Note that `numpy` is very finicky about its data types, and more often than not, putting things that aren't numbers into the arrays will cause `numpy` to be unhappy.

** \*\* warning for technical details \*\* **

This is particularly true of Python __objects__, which actually remove one of the core advantages of `numpy`, namely *contiguous memory*. One of the reasons why `numpy` is written in C is the power of working with computer memory directly, and *pointer arithmetic* (which allows code to grab data from arbitrary locations in memory). `numpy` takes advantage of this by storing each array's data in continuous blocks of memory, which reduces both computation time and the memory footprint of the code. However, when Python objects are stored in a `numpy` array, the values inside the array are themselves pointers to the actual memory location of the object. This means that `numpy` is no longer able to use 90% of its fancy tricks, which in turn means that performance degrades *very quickly*.

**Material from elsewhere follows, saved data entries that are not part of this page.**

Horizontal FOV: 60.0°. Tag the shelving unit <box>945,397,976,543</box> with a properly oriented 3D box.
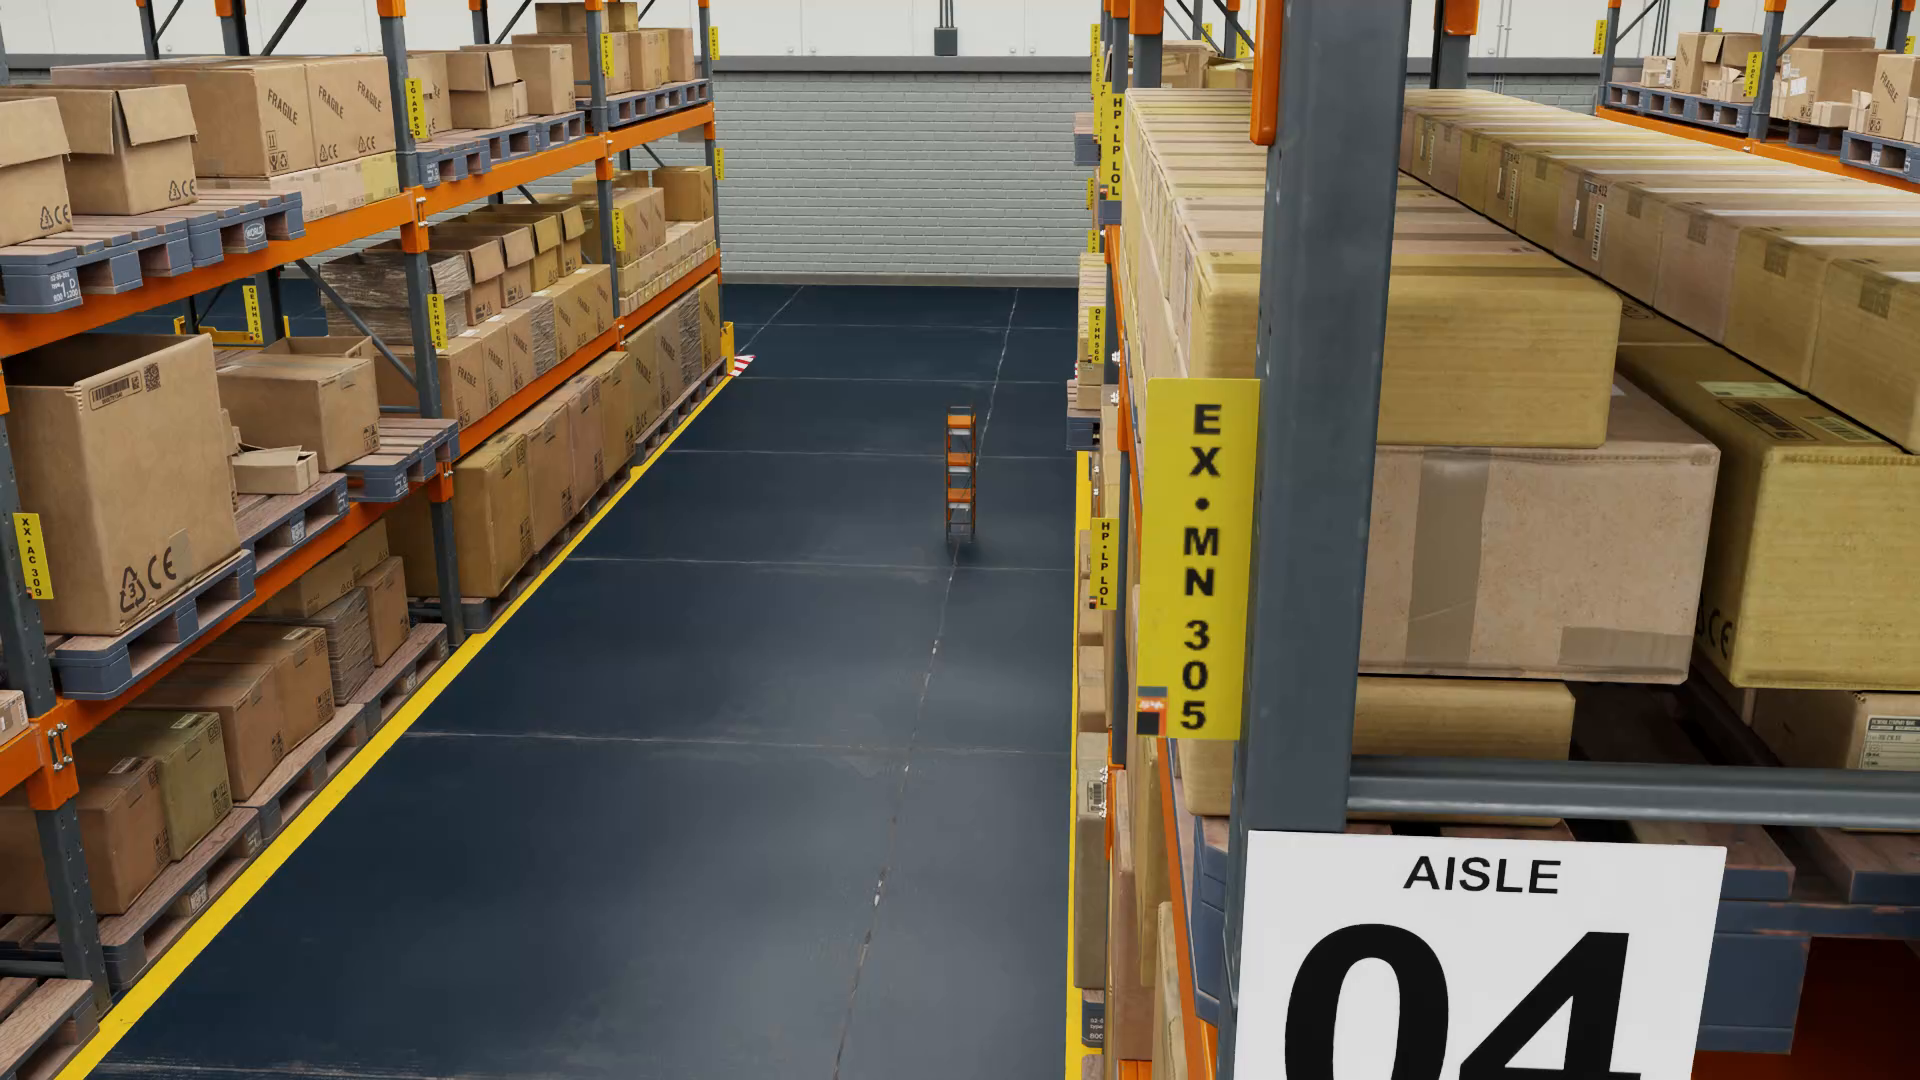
[{"bbox_3d":[0.004,-0.516,12.310,0.215,1.050,0.252,1,18,4],"label":"shelving unit"}]

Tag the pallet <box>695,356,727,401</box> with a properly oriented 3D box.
[{"bbox_3d":[-3.026,-1.690,17.242,1.003,0.211,1.213,1,18,4],"label":"pallet"}]

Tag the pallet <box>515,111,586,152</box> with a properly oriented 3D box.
[{"bbox_3d":[-3.350,-3.072,12.470,0.805,0.209,1.217,1,18,2],"label":"pallet"}]

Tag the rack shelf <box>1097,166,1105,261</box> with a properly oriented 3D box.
[{"bbox_3d":[1.463,-2.343,11.095,1.077,0.370,4.000,1,18,4],"label":"rack shelf"}]

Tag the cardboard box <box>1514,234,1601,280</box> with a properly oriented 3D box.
[{"bbox_3d":[1.107,-0.355,2.800,0.500,0.250,0.500,1,18,3],"label":"cardboard box"}]

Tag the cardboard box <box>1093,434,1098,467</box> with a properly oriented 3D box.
[{"bbox_3d":[1.213,-0.702,11.882,0.500,0.250,0.500,2,18,6],"label":"cardboard box"}]

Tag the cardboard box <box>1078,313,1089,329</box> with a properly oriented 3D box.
[{"bbox_3d":[0.936,-1.323,10.417,0.380,0.149,0.250,2,18,6],"label":"cardboard box"}]

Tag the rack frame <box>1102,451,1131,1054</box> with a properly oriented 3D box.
[{"bbox_3d":[1.033,0.604,5.763,1.000,3.000,0.127,1,18,4],"label":"rack frame"}]

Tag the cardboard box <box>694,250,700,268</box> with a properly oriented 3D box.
[{"bbox_3d":[-2.799,-2.791,16.528,0.380,0.149,0.250,2,18,5],"label":"cardboard box"}]

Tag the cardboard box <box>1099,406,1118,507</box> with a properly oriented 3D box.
[{"bbox_3d":[0.984,-0.395,8.650,0.500,0.500,0.500,1,18,3],"label":"cardboard box"}]

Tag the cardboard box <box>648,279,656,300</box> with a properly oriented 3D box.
[{"bbox_3d":[-2.927,-2.233,14.824,0.380,0.149,0.250,1,18,2],"label":"cardboard box"}]

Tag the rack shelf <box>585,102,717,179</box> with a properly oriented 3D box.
[{"bbox_3d":[-3.190,-3.728,15.320,1.077,0.370,4.000,1,18,4],"label":"rack shelf"}]

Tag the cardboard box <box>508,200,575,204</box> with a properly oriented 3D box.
[{"bbox_3d":[-3.568,-2.598,14.094,0.500,0.500,0.500,2,18,5],"label":"cardboard box"}]

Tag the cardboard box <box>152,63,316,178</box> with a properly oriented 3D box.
[{"bbox_3d":[-3.482,-2.024,8.003,0.500,0.500,0.500,2,18,5],"label":"cardboard box"}]

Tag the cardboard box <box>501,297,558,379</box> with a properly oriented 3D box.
[{"bbox_3d":[-3.209,-1.448,11.863,0.500,0.500,0.500,1,18,4],"label":"cardboard box"}]

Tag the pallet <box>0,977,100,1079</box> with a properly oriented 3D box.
[{"bbox_3d":[-3.920,1.996,5.992,1.003,0.211,1.213,1,18,4],"label":"pallet"}]

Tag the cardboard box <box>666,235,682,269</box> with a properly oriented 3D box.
[{"bbox_3d":[-2.924,-2.701,15.613,0.500,0.250,0.500,1,18,4],"label":"cardboard box"}]

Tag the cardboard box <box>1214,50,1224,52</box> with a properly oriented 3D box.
[{"bbox_3d":[1.921,-3.831,13.277,0.380,0.149,0.250,1,18,2],"label":"cardboard box"}]

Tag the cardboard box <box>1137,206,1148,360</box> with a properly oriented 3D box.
[{"bbox_3d":[0.612,-0.523,3.311,0.500,0.250,0.500,1,18,4],"label":"cardboard box"}]

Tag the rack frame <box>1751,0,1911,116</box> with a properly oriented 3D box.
[{"bbox_3d":[6.551,-4.653,12.170,1.000,3.000,0.127,1,18,4],"label":"rack frame"}]

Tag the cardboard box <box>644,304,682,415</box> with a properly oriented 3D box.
[{"bbox_3d":[-3.142,-1.696,15.518,0.875,0.875,0.875,1,18,4],"label":"cardboard box"}]

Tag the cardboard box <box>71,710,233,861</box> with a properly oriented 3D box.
[{"bbox_3d":[-3.789,1.103,7.549,0.700,0.500,0.500,1,18,4],"label":"cardboard box"}]

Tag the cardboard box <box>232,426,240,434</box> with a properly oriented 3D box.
[{"bbox_3d":[-3.970,-0.394,8.373,0.500,0.250,0.500,1,18,2],"label":"cardboard box"}]

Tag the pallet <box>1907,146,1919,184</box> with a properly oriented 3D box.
[{"bbox_3d":[6.257,-2.096,9.489,1.213,0.211,1.003,2,18,6],"label":"pallet"}]

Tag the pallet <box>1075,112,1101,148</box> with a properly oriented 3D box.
[{"bbox_3d":[1.456,-3.028,12.330,1.213,0.211,1.003,1,18,4],"label":"pallet"}]

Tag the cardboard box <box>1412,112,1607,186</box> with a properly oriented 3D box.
[{"bbox_3d":[1.253,-0.893,3.801,0.380,0.149,0.250,1,18,4],"label":"cardboard box"}]

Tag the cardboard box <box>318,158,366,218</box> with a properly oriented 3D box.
[{"bbox_3d":[-3.432,-1.827,8.606,0.500,0.250,0.500,1,18,4],"label":"cardboard box"}]

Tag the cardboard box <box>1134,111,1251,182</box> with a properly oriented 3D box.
[{"bbox_3d":[0.596,-0.906,3.842,0.380,0.149,0.250,1,18,5],"label":"cardboard box"}]

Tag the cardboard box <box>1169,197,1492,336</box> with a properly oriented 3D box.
[{"bbox_3d":[0.469,-0.355,2.161,0.380,0.149,0.250,2,18,5],"label":"cardboard box"}]

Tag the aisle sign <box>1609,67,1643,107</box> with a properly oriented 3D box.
[{"bbox_3d":[6.553,-4.308,16.579,0.394,0.787,0.004,1,18,4],"label":"aisle sign"}]

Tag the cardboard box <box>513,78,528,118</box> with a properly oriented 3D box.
[{"bbox_3d":[-3.502,-3.267,12.227,0.500,0.311,0.500,1,18,2],"label":"cardboard box"}]

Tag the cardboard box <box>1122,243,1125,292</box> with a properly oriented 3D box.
[{"bbox_3d":[0.651,-0.763,4.687,0.380,0.149,0.250,1,18,4],"label":"cardboard box"}]

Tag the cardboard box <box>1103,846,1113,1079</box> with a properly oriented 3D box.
[{"bbox_3d":[0.918,1.608,5.437,0.875,0.875,0.875,2,18,5],"label":"cardboard box"}]

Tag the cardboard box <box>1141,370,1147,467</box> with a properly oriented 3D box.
[{"bbox_3d":[0.523,-0.212,3.005,0.380,0.149,0.250,1,18,4],"label":"cardboard box"}]

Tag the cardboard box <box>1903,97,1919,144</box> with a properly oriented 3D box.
[{"bbox_3d":[6.014,-2.556,10.131,0.396,0.266,0.258,1,18,3],"label":"cardboard box"}]

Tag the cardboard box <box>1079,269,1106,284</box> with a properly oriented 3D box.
[{"bbox_3d":[1.064,-1.888,12.141,0.380,0.149,0.250,1,18,3],"label":"cardboard box"}]

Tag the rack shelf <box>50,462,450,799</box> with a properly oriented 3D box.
[{"bbox_3d":[-3.764,0.182,8.204,1.077,0.370,4.000,1,18,4],"label":"rack shelf"}]

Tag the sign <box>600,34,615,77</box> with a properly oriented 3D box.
[{"bbox_3d":[-2.792,-3.835,13.155,0.100,0.325,0.005,1,18,4],"label":"sign"}]

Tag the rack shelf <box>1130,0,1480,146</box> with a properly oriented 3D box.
[{"bbox_3d":[0.889,-1.094,3.108,1.077,0.370,4.000,1,18,4],"label":"rack shelf"}]

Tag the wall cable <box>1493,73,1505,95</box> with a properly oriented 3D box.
[{"bbox_3d":[7.218,-5.294,22.079,0.585,1.953,0.123,1,18,4],"label":"wall cable"}]

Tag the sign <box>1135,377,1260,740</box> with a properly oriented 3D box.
[{"bbox_3d":[0.206,0.021,1.429,0.100,0.325,0.005,1,18,4],"label":"sign"}]

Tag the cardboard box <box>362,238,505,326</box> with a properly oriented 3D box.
[{"bbox_3d":[-3.503,-1.734,11.126,0.797,0.503,0.637,2,18,5],"label":"cardboard box"}]

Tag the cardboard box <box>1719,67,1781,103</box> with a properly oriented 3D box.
[{"bbox_3d":[6.277,-3.616,13.204,0.396,0.266,0.258,2,18,6],"label":"cardboard box"}]

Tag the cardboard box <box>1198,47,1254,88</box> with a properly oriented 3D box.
[{"bbox_3d":[1.639,-2.835,10.050,0.396,0.266,0.258,1,18,4],"label":"cardboard box"}]

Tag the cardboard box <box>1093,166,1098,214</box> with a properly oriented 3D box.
[{"bbox_3d":[1.474,-3.177,15.059,0.500,0.500,0.500,1,18,2],"label":"cardboard box"}]

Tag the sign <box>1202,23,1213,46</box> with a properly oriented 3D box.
[{"bbox_3d":[2.445,-4.951,16.475,0.100,0.325,0.005,1,18,4],"label":"sign"}]

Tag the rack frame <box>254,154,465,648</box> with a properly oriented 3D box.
[{"bbox_3d":[-3.621,-0.781,9.988,1.000,3.000,0.127,1,18,4],"label":"rack frame"}]

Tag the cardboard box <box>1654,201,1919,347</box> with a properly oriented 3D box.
[{"bbox_3d":[1.124,-0.340,2.113,0.380,0.149,0.250,1,18,3],"label":"cardboard box"}]

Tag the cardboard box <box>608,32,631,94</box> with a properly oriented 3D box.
[{"bbox_3d":[-3.295,-4.154,14.471,0.700,0.500,0.500,2,18,7],"label":"cardboard box"}]

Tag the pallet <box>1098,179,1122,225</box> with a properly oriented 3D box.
[{"bbox_3d":[1.326,-1.773,8.503,1.213,0.211,1.003,2,18,6],"label":"pallet"}]

** \*\* end of technical details \*\* **

Common examples of Python objects that get shoved into `numpy` arrays are `string`s, `list`s, and `tuple`s. If you check the array's data type (use `arr.dtype`) and find that the array is treating your data as objects, try changing the `dtype` property when you initialize the array, or check the documentation for the correct method to store the data format.

However, in the **worst case scenario**, `numpy`'s performance is no worse than using Python lists, which means that you should always use `numpy` arrays over Python lists, whenever possible. Just check to make sure that you're getting the most out of `numpy`'s functionality.